Computers do 4 things:
- Run programs
- Store data
- Communicate with each other
- Interact with us
Interfaces
- Mostly we interact nowadays using a GUI (graphical interface)
- But we can also use a command interface (CLI) with the shell
- We type something in, the computer evaluates it, and prints out something for us to read
- This is what the shell does, it's a program that lets us run other programs
- The shell has been around a long time, since the 1960s. It's survived because it's simple and powerful
- Useful for repetitive tasks and constructing a workflow
- Comes bundled with lots of little simple programs
- Important if you're using something like a HPC cluster, may not have a GUI
Our hypothetical example: Nelle the marine biologist
- Nelle has collected 1520 samples of marine life from the North Pacific Gyre.

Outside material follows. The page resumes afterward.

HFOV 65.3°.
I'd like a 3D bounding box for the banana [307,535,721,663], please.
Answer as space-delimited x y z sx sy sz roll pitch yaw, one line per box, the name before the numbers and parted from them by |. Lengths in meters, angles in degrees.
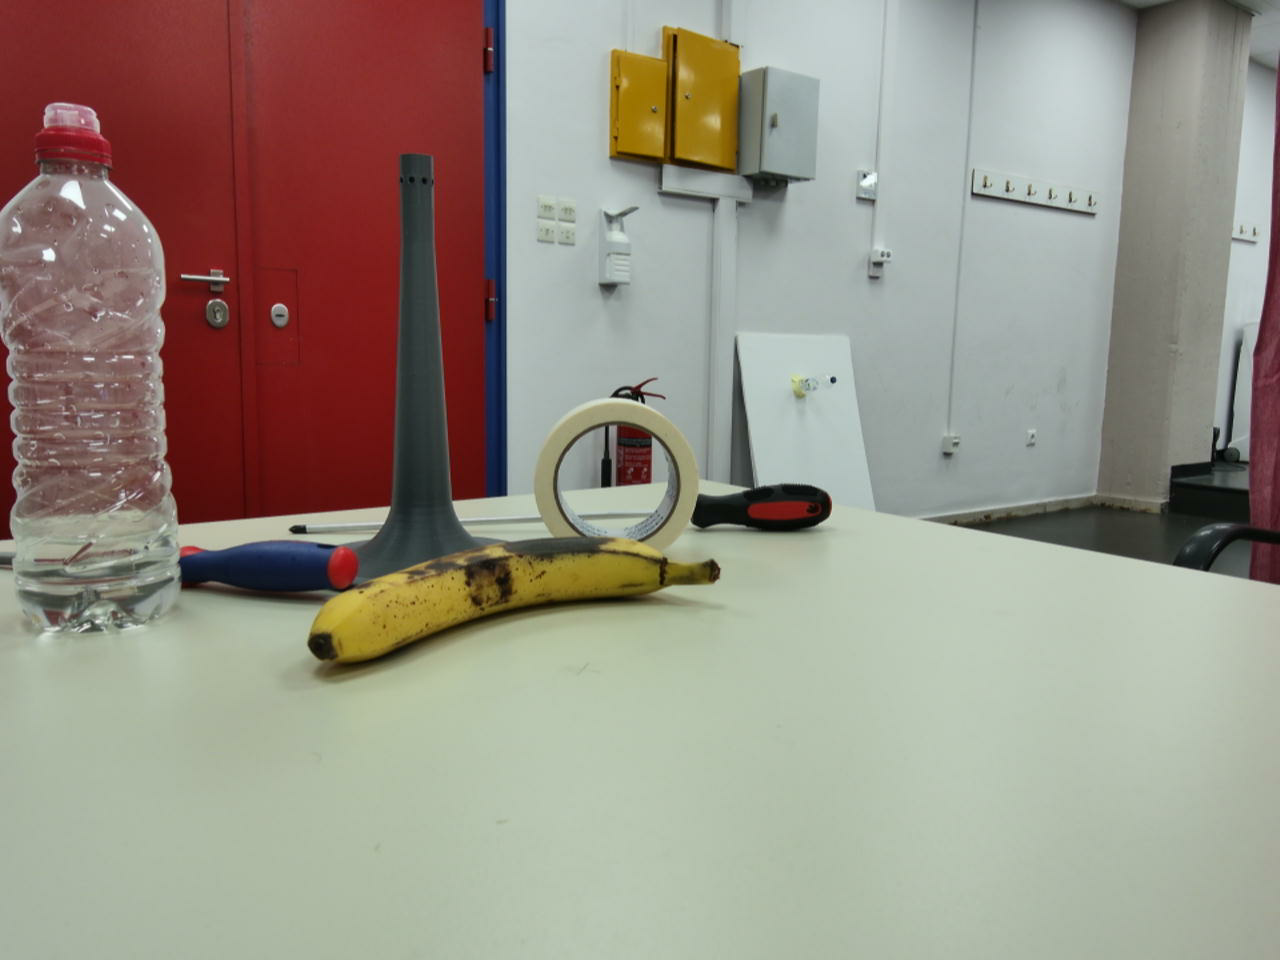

- She wants to run protein assays on each of these samples to measure the relative abundances of 300 different proteins.
- The assay machine she's using spits out a text file with one line for each protein.
- She's on a deadline and has to:
- Run each sample through the machine, which will take a few weeks
- Calculate statistics for each of the proteins separately using a program her supervisor wrote called goostat.
- Compare the statistics for the proteins to each other using goodiff, which her labmate wrote.
- Write up her results, ideally within a month.
- If she had to run goostat and goodiff by hand she'll have to type in the filenames and click OK 46,370 times.
- Even if she can do this quickly, it will take weeks, and she'll certainly have typeos.
- We're going to explore the shell to get at what she could do instead.
- We want to automate the repetitive steps in her workflow so that her computer can do all the work while she writes her paper.
- Plus, once she puts a workflow together, she can use it again if she collects more data.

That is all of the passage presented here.